1 unit building 101 clearance 11, 12 box unit (building unit)
13 pillars
14 Floor beams (beam materials)
15 Ceiling beams (beam materials)
153 Adjustment hole (position adjustment hole)
2 Trapezoidal unit 21 Short column (column material)
22 Long pillar (column material)
23 Girder beam (beam material)
24 Tsumago's beam (beam material)
25 Oblique beam (beam material)
26 Underwater beam (beam material)
27 Water-side beam (beam material)
275 Adjustment hole (position adjustment hole)
3 Connecting member 31 End plate 31b Adjustment hole (position adjustment hole)

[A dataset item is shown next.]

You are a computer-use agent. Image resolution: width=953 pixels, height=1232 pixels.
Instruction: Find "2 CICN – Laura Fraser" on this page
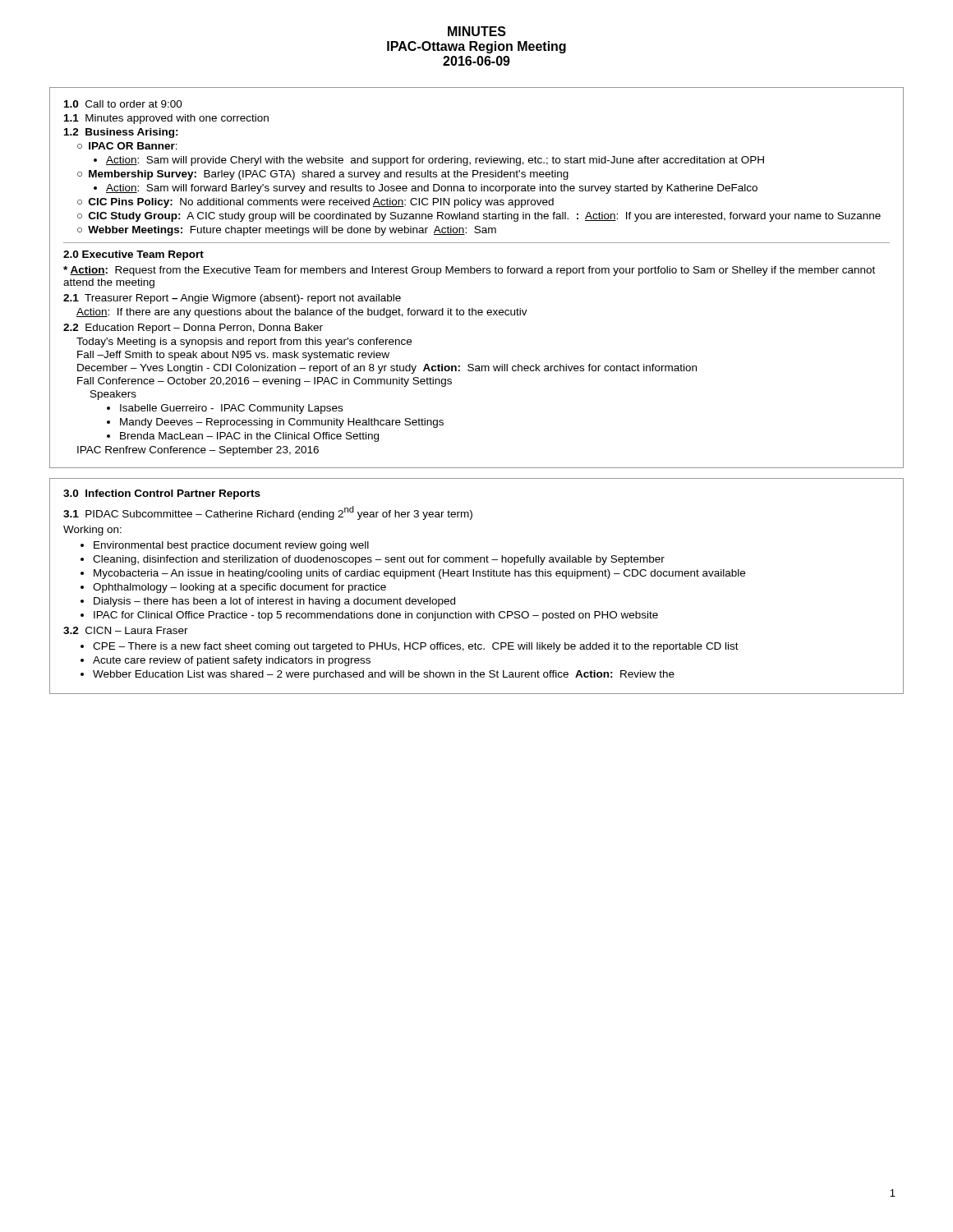pyautogui.click(x=126, y=630)

32 Channel steel 321 Flange 322 Web 34 Spacer 35 Welded part 7 Half trapezoidal unit (trapezoidal unit)

Claims (6)

A unit building composed of a plurality of adjacent building units, each of which has a frame formed of beams and pillars,
A trapezoidal unit that is a building unit in which trapezoidal side surfaces are formed by long beams, short columns, and oblique beams connecting between the upper ends thereof and beam members connecting the lower end portions with the beam members;
A box-shaped unit which is a rectangular parallelepiped building unit arranged with a gap from the back side which is the long column side of the trapezoidal unit;
A connecting member that connects the beam member on the back side of the trapezoidal unit and the beam member of the box-shaped unit facing each other at substantially the same height across the gap at both longitudinal ends of the facing beam members; ,
The inside of the outer shape of the quadrangle in a plan view is closed by the connecting member by a pair of end plates extending along each of the beam members facing each other in the gap and a grooved steel material connecting the end plates. unit building according to claim Tei Rukoto formed as.   At least a part of the lower end surface or the upper end surface of the end plate is in contact with the inner surface of the web of the channel steel, and the side end surfaces on both sides of the end plate are in contact with the inner surface of the flange of the channel steel, The unit building according to claim 1, wherein the unit building is welded and joined.   The unit building according to claim 1 or 2, wherein a hole for position adjustment is provided in the end plate and the beam member for fixing the end plate.   The unit building according to any one of claims 1 to 3, wherein a spacer is interposed between the end plate and the beam member.   The unit building according to any one of claims 1 to 4, wherein the gap is a gap for floor plan adjustment.   The unit building according to any one of claims 1 to 5, wherein the gap has a width of 20 to 30 cm.